Ce soir du 30 juillet 1977, Stacy a prévu d’aller au cinéma avec Robert et tous deux ignorent que Berkowitz les observe depuis longtemps alors qu’ils terminent la soirée en s’embrassant dans leur voiture. Parvenu à leur hauteur, il pointe son arme en direction de la tête de Stacy et tire. Robert est grièvement blessé au visage (il perdra l’œil gauche et quatre vingt pour cent de vision de l’œil droit) et Stacy, mortellement blessée, décède trente-huit heures plus tard.

Cecilia Davis, une passante, voit un jeune homme regagner sa voiture mal garée et bien qu’elle ignore qu'il s'agisse de Berkowitz, elle a compris qu’elle vient d'assister à un homicide et récupère la contravention tombée de sa voiture pour alerter la police.

Ce simple document précisant l'immatriculation permet aux autorités de localiser l'adresse du propriétaire et d'encercler son domicile. Le 10 août, après des mois de traque, David Berkowitz est enfin arrêté par les forces de Police.

Secrets de famille
Qui est ce jeune homme brun de vingt-quatre ans au physique de gros bébé qui depuis des mois terrifie les habitants de New York11 ? Qui est ce serial killer qui semble tuer au hasard ? Réponse : un enfant détruit par les secrets de famille.

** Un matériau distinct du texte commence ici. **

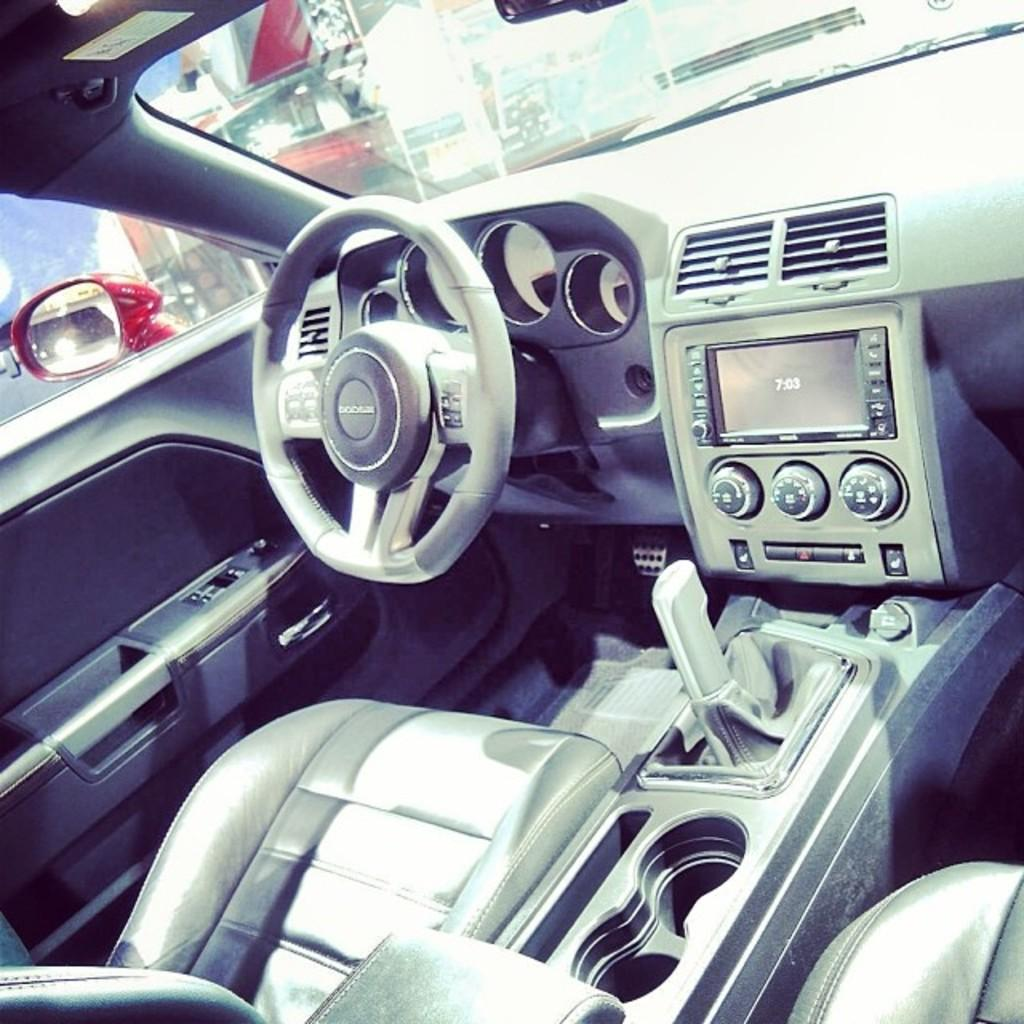What type of space is depicted in the image? The image shows the inside of a vehicle. What is used to control the direction of the vehicle? There is a steering wheel in the vehicle. How can the driver change the speed of the vehicle? There is a gear rod in the vehicle. What device is present for entertainment or information? There is a radio in the vehicle. What is provided for the driver or passengers to sit on? There is a seat in the vehicle. What material is used for the windows of the vehicle? There are glass windows in the vehicle. How can the driver see the traffic behind them? A side mirror is visible through one of the windows. What type of jam is spread on the seat in the image? There is no jam present in the image; it shows the inside of a vehicle with a seat and other components. 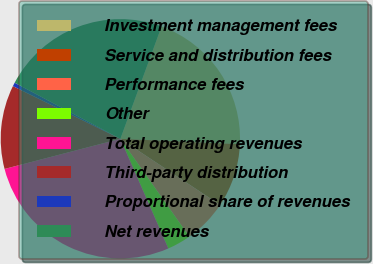<chart> <loc_0><loc_0><loc_500><loc_500><pie_chart><fcel>Investment management fees<fcel>Service and distribution fees<fcel>Performance fees<fcel>Other<fcel>Total operating revenues<fcel>Third-party distribution<fcel>Proportional share of revenues<fcel>Net revenues<nl><fcel>20.12%<fcel>8.61%<fcel>5.91%<fcel>3.21%<fcel>27.51%<fcel>11.31%<fcel>0.51%<fcel>22.83%<nl></chart>

Ses parents, Pearl et Nathan Berkowitz, l'ont adopté dès sa naissance survenue le 1er juin 1953. Ils l'ont recueilli à l’hôpital (ils ont fait l’adoption via un médecin) et l’ont emmené directement chez eux, au 1105 Stratford Avenue dans le Bronx.

Pearl et Nathan, alors âgés de trente-sept et quarante-trois ans se sont connus plusieurs années auparavant sur une base de l’armée américaine où tous deux servent à l'époque, elle comme secrétaire, lui comme officier et elle l’a séduit par son caractère enjoué, son amour de la danse et son sens de l’humour.

Se découvrant stérile, le couple opte pour l’adoption, même si c'est davantage Pearl qui souhaite un enfant et va se montrer possessive avec ce fils qu'elle peut gâter alors que Nathan lui, travaille six jours sur sept.

Le couple Berkowitz est chapeauté par la mère de Pearl qui a emménagé dans le même building après la mort de son mari et la situation est celle, classique, de l'épouse sous l'emprise de sa mère, le mari absent, absorbé par son travail.

Alors qu’il grandit, David apprend qu’il a été adopté, Pearl lui dit que sa mère biologique est décédée lors de l'accouchement et que son père ne pouvait pas s’occuper de lui.

Cette déclaration n’empêche pas David de souhaiter bientôt un frère ou une sœur, mais ses parents ne peuvent évidemment pas répondre à ses voeux. Il souffre d'être enfant unique car l'attention parentale est constamment dirigée vers lui et, jusqu'à l’âge de neuf ou dix ans, il dort dans la même pièce que ses parents.

Pearl prend quantité de photos, le nourrit beaucoup (trop) et le surveille constamment, en retour, il devient tyrannique, cruel, exigeant et finalement incontrôlable.